Reputation: 189
I am trying to use S3 sink connector inside kafka connect , It starts and fails later .
My config looks like :
{
"name": "my-s3-sink3",
"config": {
"connector.class":"io.confluent.connect.s3.S3SinkConnector",
"tasks.max":"1",
"topics":"mysource.topic",
"s3.region":"us-east-1",
"s3.bucket.name": "topicbucket001",
"s3.part.size":"5242880",
"flush.size":"1",
"storage.class":"io.confluent.connect.s3.storage.S3Storage",
"format.class": "io.confluent.connect.s3.format.json.JsonFormat",
"partitioner.class":"io.confluent.connect.storage.partitioner.DefaultPartitioner",
"schema.compatibility":"NONE"
}
}
My connect-distributed.properties look like:
key.converter=org.apache.kafka.connect.json.JsonConverter
value.converter=org.apache.kafka.connect.json.JsonConverter
key.converter.schemas.enable=false
value.converter.schemas.enable=false
errors.tolerance = all
Complete Error log :
[2021-04-06 10:59:04,398] INFO [Consumer clientId=connector-consumer-s3connect12-0, groupId=connect-s3connect12] Member connector-consumer-s3connect12-0-f1e48df8-76ba-49f9-9080-e10b0a34202b sending LeaveGroup request to coordinator **********.kafka.us-east-1.amazonaws.com:9092 (id: 2147483645 rack: null) due to the consumer is being closed (org.apache.kafka.clients.consumer.internals.AbstractCoordinator)
2021-04-06 16:29:04
[2021-04-06 10:59:04,397] ERROR WorkerSinkTask{id=s3connect12-0} Task threw an uncaught and unrecoverable exception.
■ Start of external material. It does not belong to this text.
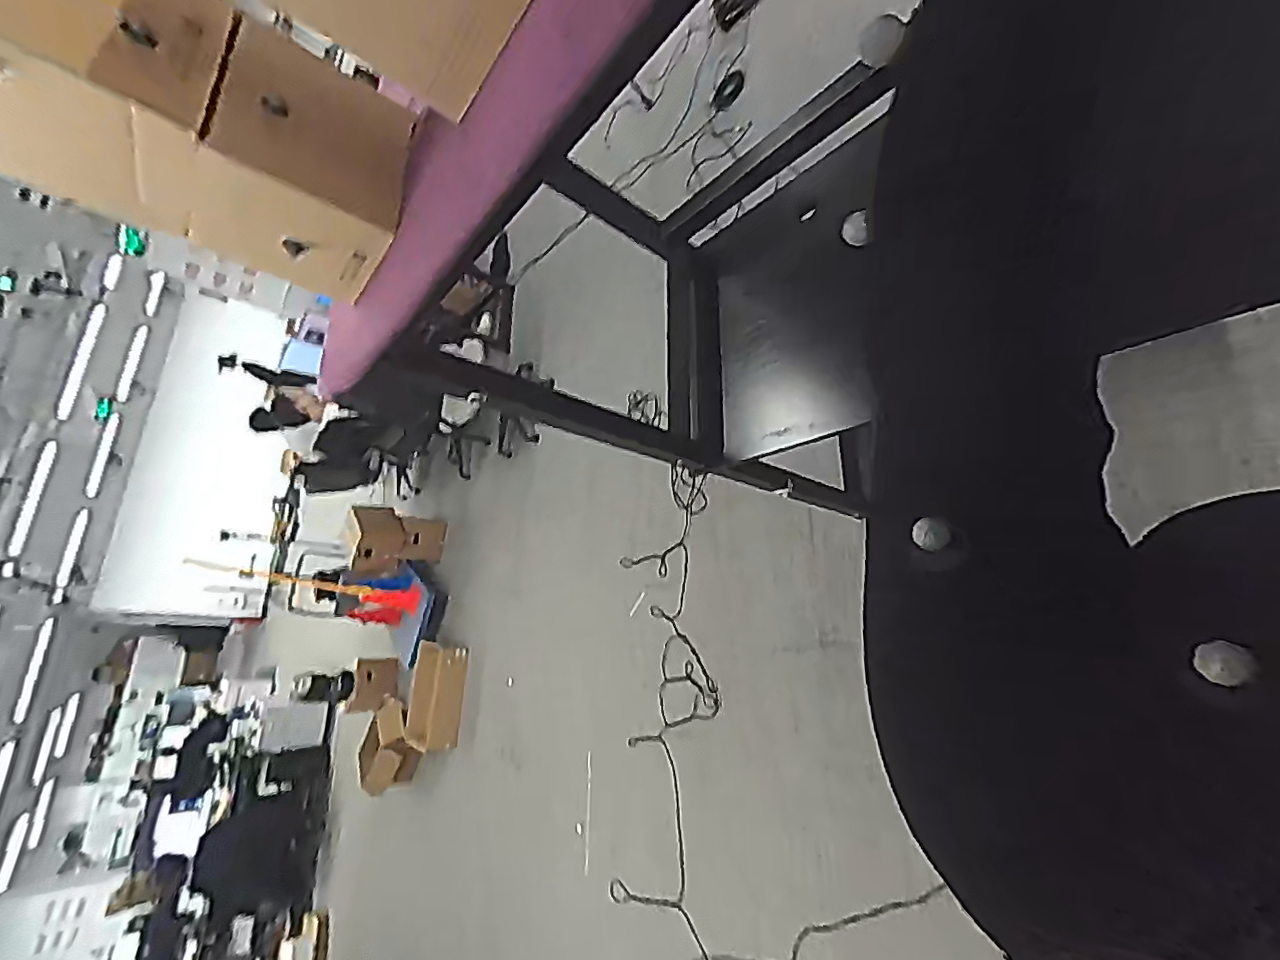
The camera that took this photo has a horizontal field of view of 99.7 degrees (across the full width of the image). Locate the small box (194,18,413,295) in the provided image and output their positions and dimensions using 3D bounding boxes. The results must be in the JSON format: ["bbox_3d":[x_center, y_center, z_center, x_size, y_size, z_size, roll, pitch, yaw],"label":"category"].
[{"bbox_3d":[-0.369,-0.333,0.604,0.168,0.176,0.179,-19,65,45],"label":"small box"}]

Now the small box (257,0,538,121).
[{"bbox_3d":[-0.156,-0.412,0.376,0.179,0.176,0.168,-21,63,47],"label":"small box"}]

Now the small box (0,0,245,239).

Task is being killed and will not recover until manually restarted (org.apache.kafka.connect.runtime.WorkerTask)
2021-04-06 16:29:04
[2021-04-06 10:59:04,396] ERROR WorkerSinkTask{id=s3connect12-0} Error converting message key in topic 'quickstart-status' partition 3 at offset 0 and timestamp 1617706740956: Converting byte[] to Kafka Connect data failed due to serialization error: (org.apache.kafka.connect.runtime.WorkerSinkTask)
2021-04-06 16:29:04
[2021-04-06 10:59:04,393] INFO [Consumer clientId=connector-consumer-s3connect12-0, groupId=connect-s3connect12] Resetting offset for partition quickstart-status-3 to position FetchPosition{offset=0, offsetEpoch=Optional.empty, currentLeader=LeaderAndEpoch{leader=Optional[***************.kafka.us-east-1.amazonaws.com:9092 (id: 1 rack: use1-az2)], epoch=absent}}. (org.apache.kafka.clients.consumer.internals.SubscriptionState)
Message type :
{
"registertime": 1511985752912,
"userid": "User_6",
"regionid": "Region_8",
"gender": "FEMALE"
}
Upvotes: 0
Views: 1661
Reputation: 189
So I am able to resolve the issue. After specifying the converters explicitly, I was able to resolve the deserialization error and then had an issue with S3 Multipart Upload which was resolved by giving Fargate task permission to the S3 bucket by attaching S3 IAM Policy to the ECS Task definition. Thanks, Robin Moffatt for the solution above!
Upvotes: 0
Reputation: 32090
The problem is the Key SerDe. Per your screenshot the key data is a non-JSON string:
User_2
User_9
etc
So instead of
key.converter=org.apache.kafka.connect.json.JsonConverter
use
key.converter=org.apache.kafka.connect.storage.StringConverter
Edit:
Try this for your connector config, specifying the converters explicitly (as suggested by @OneCricketeer)
{
"name": "my-s3-sink3",
"config": {
"connector.class" : "io.confluent.connect.s3.S3SinkConnector",
"tasks.max" : "1",
"topics" : "mysource.topic",
"s3.region" : "us-east-1",
"s3.bucket.name" : "topicbucket001",
"s3.part.size" : "5242880",
"flush.size" : "1",
"key.converter" : "org.apache.kafka.connect.storage.StringConverter",
"value.converter" : "org.apache.kafka.connect.json.JsonConverter",
"value.converter.schemas.enable": "false",
"storage.class" : "io.confluent.connect.s3.storage.S3Storage",
"format.class" : "io.confluent.connect.s3.format.json.JsonFormat",
"partitioner.class" : "io.confluent.connect.storage.partitioner.DefaultPartitioner",
"schema.compatibility" : "NONE"
}
}
Upvotes: 3